Filed under DevOps, Programming, Sysadmin, UNIX/Linux, Visualization

  • http://cjs226.myopenid.com/ Clif Smith

    Great job!

  • scott

    hey man, cool post. two things:

    1. You said you didn’t want to have to install another package, but …you installed another script? Don’t see much difference.
    2. You can submit “pull requests” to graphite without joining graphite-dev. In bazaar it works a bit differently – you just branch the repo and open a ticket requesting a merge.

  • http://twitter.com/RanjibDey Ranjib Dey

    great post. I’ll be employing this strategy to gather request/response time from apache proxy logs.
    thanks a ton

  • http://www.kickflop.net/ Jeff Blaine

    Scott, I said  “I like using, when possible, what is widely available instead of distributing new package or library dependencies to all nodes in our infrastructure.”

    Where did I install a new script on all of our nodes?

  • http://www.kickflop.net/ Jeff Blaine

    Thanks for the bzr info.

  • http://www.kickflop.net/ Jeff Blaine

    Oof! I mistakenly attributed Graphite to Etsy in the original version of this post.

    Orbitz developed Graphite and released it, not Etsy.

    I have updated the post.

  • http://twitter.com/ndietsch ndietsch

    That is a really interesting implementation and could prove very useful for people who already have syslog punching through firewalls. 

  • Mark Crossfield

    We’ve been using logster and Graphite for around nine months now and over the weekend I had a similar idea to you, which I’ve implemented independently. I’m kicking myself for not thinking of it sooner as I’ve been frustrated by having to show a number of people how to write Python parsers :)

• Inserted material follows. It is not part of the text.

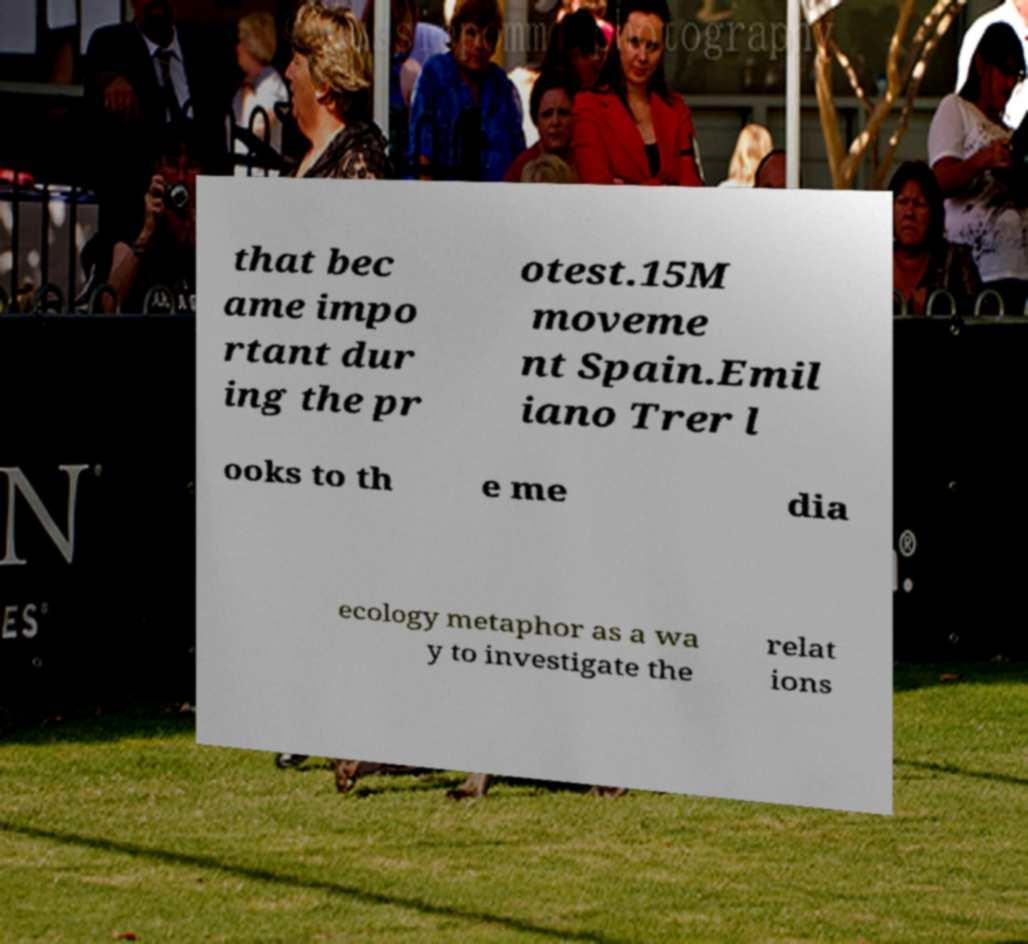Can you read and provide the text displayed in the image?This photo seems to have some interesting text. Can you extract and type it out for me? that bec ame impo rtant dur ing the pr otest.15M moveme nt Spain.Emil iano Trer l ooks to th e me dia ecology metaphor as a wa y to investigate the relat ions 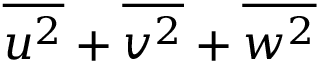<formula> <loc_0><loc_0><loc_500><loc_500>\overline { { u ^ { 2 } } } + \overline { { v ^ { 2 } } } + \overline { { w ^ { 2 } } }</formula>

    Anyway, I’m keen to contribute what I’ve done back to the project, but I wanted to bounce it off you first. I’ve done something similar to allow arbitrary counter metrics to be incremented, but also (in the same vein as StatsD) to allow times/durations to be recorded. The difference with the durations is that the median and 90th percentile are calculated and pushed into Graphite rather than the total. I’ve written a stats helper to calculate these as I didn’t want to introduce a dependency on an external Python package (and it’s not my first language).

    My intended producer of these logs is Log4J like logs, so the syntax of my log statements has differed. I’m not sure how attached to your syntax you are. What I’m coming to is: should I contribute to your parser or create a whole new one?

  • http://www.kickflop.net/ Jeff Blaine

    Hey Mark, by all means feel free to work with MetricLogster. I am not attached to my particular syntax at all and will gladly adapt to any changes you make there.

  • Pingback: Simply Measure Anything with MetricLogster « markisadeveloper()

  • http://jpmens.net Jan-Piet Mens

    Excellent idea, Jeff!

    syslog-ng (which I’ve previously detested, but I think I have to revise my opion of) can output to arbitrary UDP ports. Coupled with output templates and a bit of filtering, may actually be able to do away with Logster, at least as far as moving data to Graphite is concerned.

    The environment I’m currently working in uses syslog-ng so I might even try this shortly.